//=========================================================================
#define PROGRAMMER "SOLUTIONS, NoFrills"
#define PROG_CODE  "soln"
#define COURSE     "ECE-1021"
#define YEAR       (2003)
#define TERM       "Fall"
#define SECTION    (0)
#define ASSIGNMENT "HW #2A"
#define REVISION   (0)
#define TITLE      "Beyond Numeracy"
#define SUBTITLE   "Study in Chaos"
#define EMAIL      "wbahn@eas.uccs.edu"
#define FILENAME   "02a0soln.txt"
//=========================================================================

// PROBLEM:
//
// Simulate the population of some item (egrets) according to the
// Feigenbaum model presented in the text.
//
// The model is supposed to demonstrate that, for some combinations of
// inputs, the system stabilizes to a single value, for others it
// oscillates between two values after it settles down, and for others
// it appears to generate random fluctuations.
//
// PSEUDOCODE:
//
//
// 1) TASK: Get data from the user
// 1.1) GET: Rate (rate: floating point value between 0 and 4)
// 1.2) GET: Population (pop: integer between 0 and 1,000,000)
// 1.3) GET: Years (pop: positive integer)
// 2) TASK: Compute and Display Year-by-Year Population
// 2.1) SET: year = 0
// 2.2) PUT: year and pop
// 2.3) WHILE: (year < years)
// 2.3.1) SET: year++
// 2.3.2) SET: pop *= (rate)*(1- pop/N)  (N = 1,000,000)
// 2.3.3) PUT: year and pop
//
// QUESTIONS IN HOMEWORK (To be turned in with Pseudocode)
//

1) QUESTION
	The problem states that the formula guarantees that the population
	for the next year will always be between 0 and one million (under
	the assumption that the current year's population is within that
	range).
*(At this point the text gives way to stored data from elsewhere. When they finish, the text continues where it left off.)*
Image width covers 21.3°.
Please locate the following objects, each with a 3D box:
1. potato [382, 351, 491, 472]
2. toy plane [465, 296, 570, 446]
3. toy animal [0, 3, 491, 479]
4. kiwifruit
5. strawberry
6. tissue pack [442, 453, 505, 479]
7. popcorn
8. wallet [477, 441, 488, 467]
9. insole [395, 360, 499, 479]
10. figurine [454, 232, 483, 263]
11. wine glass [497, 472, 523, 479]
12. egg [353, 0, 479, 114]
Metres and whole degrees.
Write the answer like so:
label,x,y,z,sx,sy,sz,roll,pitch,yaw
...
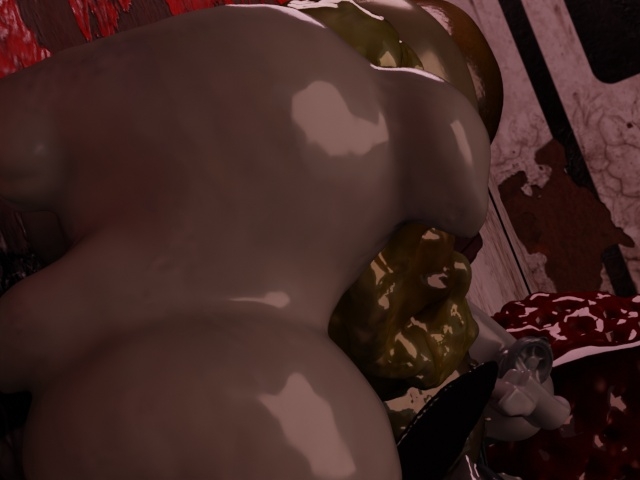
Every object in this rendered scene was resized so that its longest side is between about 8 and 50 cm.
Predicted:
label,x,y,z,sx,sy,sz,roll,pitch,yaw
potato,0.036,0.075,1.263,0.165,0.165,0.262,48,28,-57
toy plane,0.102,0.098,1.446,0.252,0.118,0.252,32,-5,3
toy animal,-0.021,0.078,0.780,0.196,0.241,0.368,70,10,-71
kiwifruit,0.106,-0.164,1.863,0.234,0.196,0.196,-95,160,-65
strawberry,0.282,0.178,1.671,0.317,0.345,0.295,25,43,-72
tissue pack,0.198,0.350,1.083,0.394,0.124,0.288,51,4,-14
popcorn,0.000,0.000,1.026,0.225,0.173,0.286,54,-26,9
wallet,0.074,0.177,1.315,0.026,0.129,0.088,29,37,-33
insole,0.024,0.161,0.982,0.348,0.009,0.119,-38,150,-49
figurine,0.047,-0.019,1.166,0.082,0.098,0.154,-41,119,-61
wine glass,0.114,0.222,1.436,0.183,0.122,0.122,49,23,-53
egg,0.053,-0.110,1.555,0.186,0.186,0.242,-66,141,-73

Analyze this claim - either prove that it is true or show
	the conditions under which it is false.

	ANSWER
	Part A: next >= 0

	next = rate * cy * (1 - cy/N) >= 0

	Since rate, cy, and N are all positive, the only way for this to
	be false is for (1 - cy/N) to be negative. To prevent this, we need
	to satisfy the condition:

	(1 - cy/N) >= 0   ==>   cy <= N  (stipulated by problem)
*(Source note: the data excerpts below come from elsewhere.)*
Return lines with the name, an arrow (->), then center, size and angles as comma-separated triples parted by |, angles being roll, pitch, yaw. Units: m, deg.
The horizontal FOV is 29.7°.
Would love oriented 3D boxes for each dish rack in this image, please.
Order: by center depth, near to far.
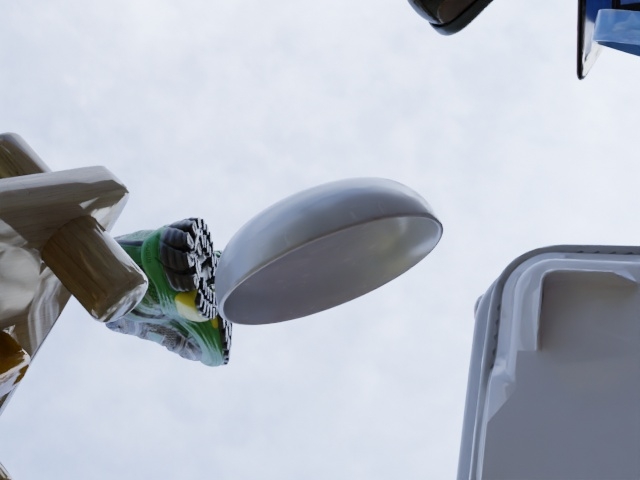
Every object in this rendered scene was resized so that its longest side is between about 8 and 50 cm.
dish rack -> 0.232, 0.120, 0.624 | 0.333, 0.285, 0.072 | 1, -28, 17

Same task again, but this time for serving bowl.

	Notice that rate can be ANY nonnegative value, even greater than 4.

	Part B: next <= N

	next = rate * cy * (1 - cy/N) <= N

	This as a maximum value problem where we want the maximum value
	of next (as a function of the current population) to be less than N

	Taking the derivative and setting it equal to zero:

	d(next)/dcy = rate * (1 - 2cy/N) = 0

	which occurs when cy = N/2.

	The maximum population is then:

	next = rate * (N/2) * (1 - (1/2)) = rate * (N/4)

	For this to ne less than N, we need rate to be less than 4.

2) QUESTION
	The problem states that, for at least some growth rates, this system
	settles into a stable value. Given the value of R (the rate), what is
	the equation the yields that stable value? Given the constraints
	specified on the rate in the problem, what is the maximum stable
	population (and what growth rate yields that maximum value). For what
	rate is the stable population zero? For what values of the rate are
	there no stable values?

	ANSWER
	If the population is stable, that simply means that the next year's
	population is equal to the current year's population. Or:

	cy = rate * cy * (1 - cy/N)

	This means that, for a given rate, the stable population is:

	cy = N * ( 1 - (1/rate) )

	Notice the second factor on the right hand side:
	1) It gets larger as rate gets larger and is
	2) It is equal to zero if rate = 1
	3) It is negative if rate is less than 1

	Given the constraints on rate (0 <= rate <= 4)

	The maximum stable popluation occurs at rate = 4

	cy(max) = N * ( 1 - 1/4 ) = 3N/4

	For a stable population of zero, rate must be equal to 1.

	Since cy is guaranteed to never be negative, there is no way
	for it to stabilize at rates less than one.